Je suis rentré chez moi après avoir passé la nuit avec Lucas. J'aurais bien aimé rester avec lui, mais il allait avoir beaucoup de travail cette semaine pour boucler ses affaires à Paris et organiser notre départ. De mon côté, je n'avais pas grand-chose à faire, alors je me suis terré dans ma tanière, comme si cela pouvait me préserver de la déflagration.

Je ne voulais pas m'intéresser aux Alters, mais il n'y avait plus aucun moyen d'y échapper. Depuis plusieurs jours, cette question submerge la sphère publique comme un raz-de-marée. Au point d'éclipser au second plan, la nouvelle, qui aurait pourtant dû éclater comme un évènement majeur, mondial et historique, du succès de l'atterrissage du premier vol habité sur Mars. La société Space Z, qui l'a financé, a dû se mordre les doigts de jouer d'un aussi mauvais timing.

Ça y est : les médias officiels se sont enfin emparés du sujet des Alters. Ils l'ont dévoilé comme un scoop, comme si tout le monde n'était pas déjà au fait depuis des mois. La différence étant que voir, cette fois-ci, des Alters, invités sur les plateaux, faire des démonstrations en live donnait tout de suite plus de crédit à la thèse que des vidéos sur Internet à l'origine douteuse.

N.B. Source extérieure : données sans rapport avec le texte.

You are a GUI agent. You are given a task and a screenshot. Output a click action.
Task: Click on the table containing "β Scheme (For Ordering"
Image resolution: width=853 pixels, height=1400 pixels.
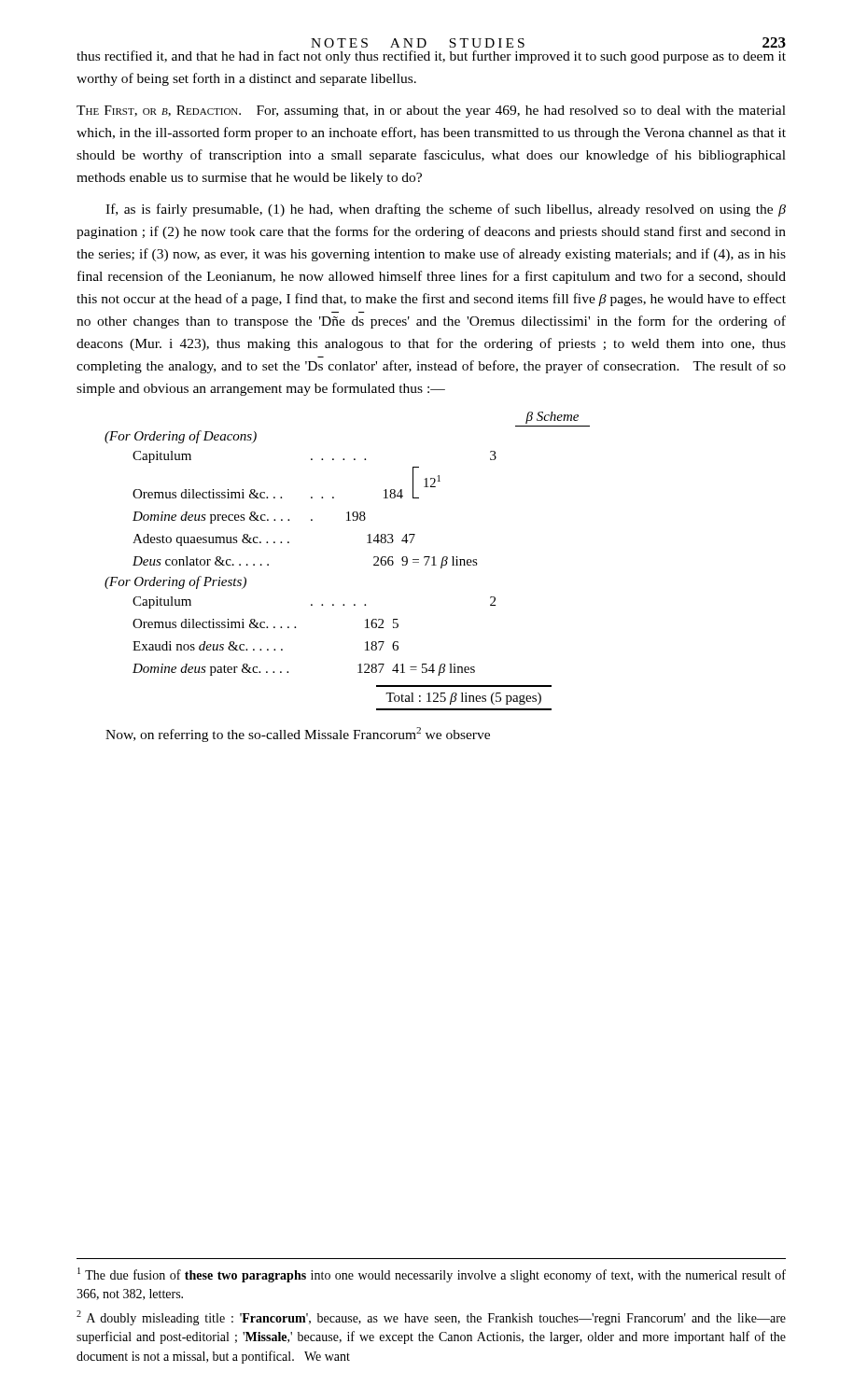[x=445, y=560]

Une fois la frange des médias sensationnalistes écartée et filtrée, il ne subsistait que de rares productions suffisamment sérieuses pour se fendre de vraies enquêtes. C'est ainsi que l'on a commencé à voir apparaître des chiffres complètement divergents d'une instance à l'autre. Entre deux cents mille et vingt millions de personnes pourraient être concernées. L'explication de cette fourchette extravagante était multifactorielle. Le calcul se basait sur l'estimation du nombre de personnes ayant pris du Razepan entre 1995 et 2013, l'estimation de leur descendance, la probabilité de développer la mutation spécifique et la probabilité que cette dernière « s'exprime ». Autrement dit : un nid à biais statistiques ! Qu'il était impossible d'affiner tant que Geneware s'évertuait à nier son implication dans l'affaire et refusait donc de communiquer les résultats des recherches sur les Alters qu'on les accusait de mener depuis près de vingt ans.

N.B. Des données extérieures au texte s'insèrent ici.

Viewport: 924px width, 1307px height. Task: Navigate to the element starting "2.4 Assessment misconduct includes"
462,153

Parmi ce foutoir, quelques investigations se démarquaient. Un consortium international de journalistes a enquêté sur le fichage d'Alters, réalisé par d'autres Alters, au sein des plus gros hubs aéroportuaires tels que Shanghai, Atlanta ou Heathrow.

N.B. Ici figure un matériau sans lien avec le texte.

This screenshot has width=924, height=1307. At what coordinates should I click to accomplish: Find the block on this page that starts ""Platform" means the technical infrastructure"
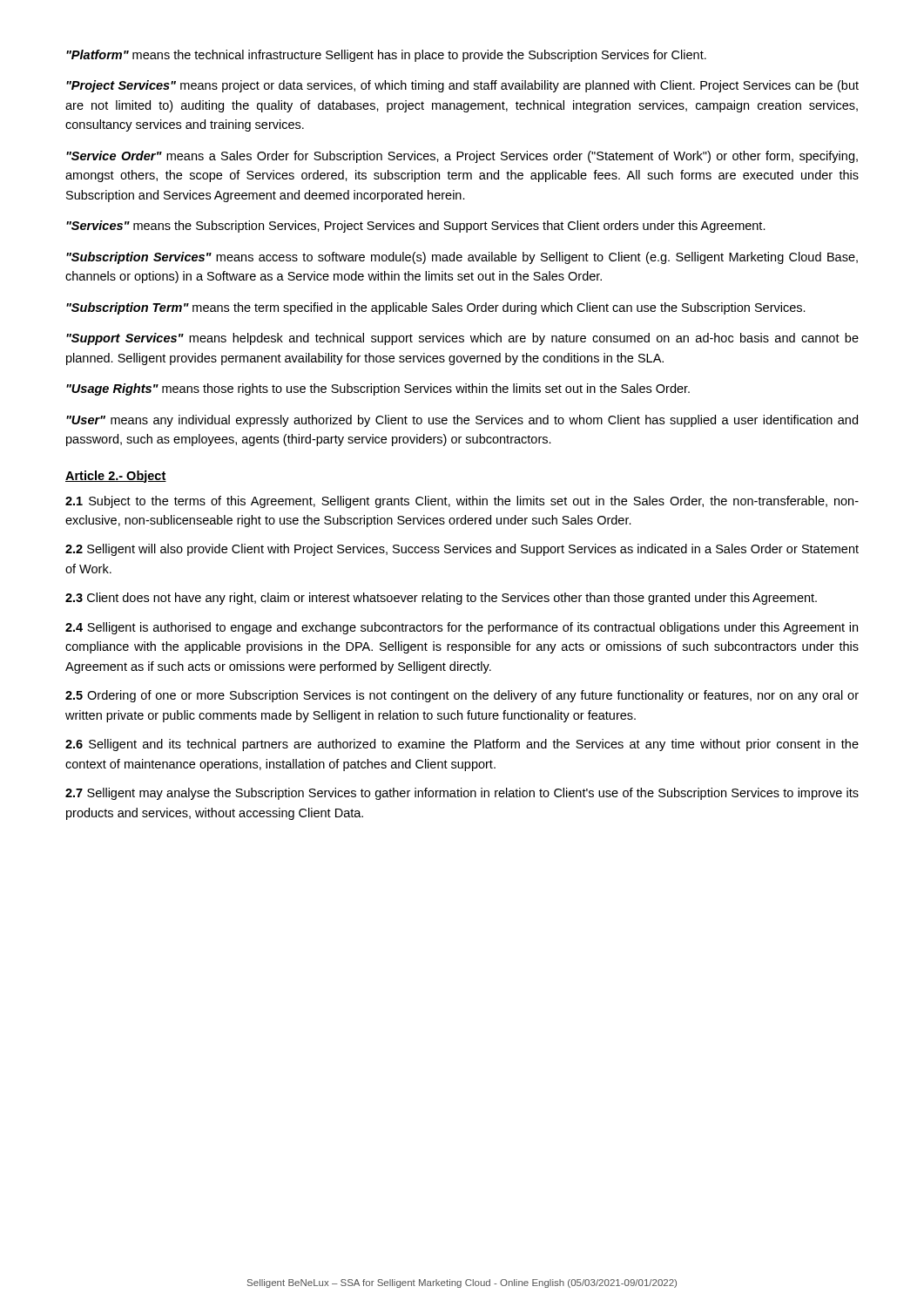(386, 55)

D'autres rédactions sont aussi parvenues à interviewer des scientifiques qui acceptent enfin de délier leur langue. Ils ont contribué à des études plus ou moins indépendantes sur les Alters et s'évertuent à rassurer la population, en jetant quelques verres d'eau sur l'incendie : non, les Alters ne constituant pas une nouvelle espèce de surhommes. La grande majorité parvient seulement à entendre quelques pensées par contact physique avec une cible ou dans un périmètre restreint ; et bien sûr, il ne s'agit que de pensées claires, exprimées à la surface et en parfaite conscience. Les phénomènes capables de plonger dans l'inconscient ou de scanner à grande distance sont rares. Au cours de leurs études, ils n’ont jamais croisé de spécimen doté d'un don d'omniscience, comme le prétend ce probable menteur de Maze.

J'ai ressenti une première vague de malaise à l'idée que j'étais, ainsi, un « phénomène ». La deuxième vague m’a giflé après l'interview vidéo du professeur Cal Garnelen. Ce dernier semble avoir dans l'idée d'anéantir toutes les tentatives d'apaisement de ses confrères en jetant un énorme pavé dans la mare. Peut-être pense-t-il sincèrement accomplir un devoir moral en informant la population d'un nouveau danger…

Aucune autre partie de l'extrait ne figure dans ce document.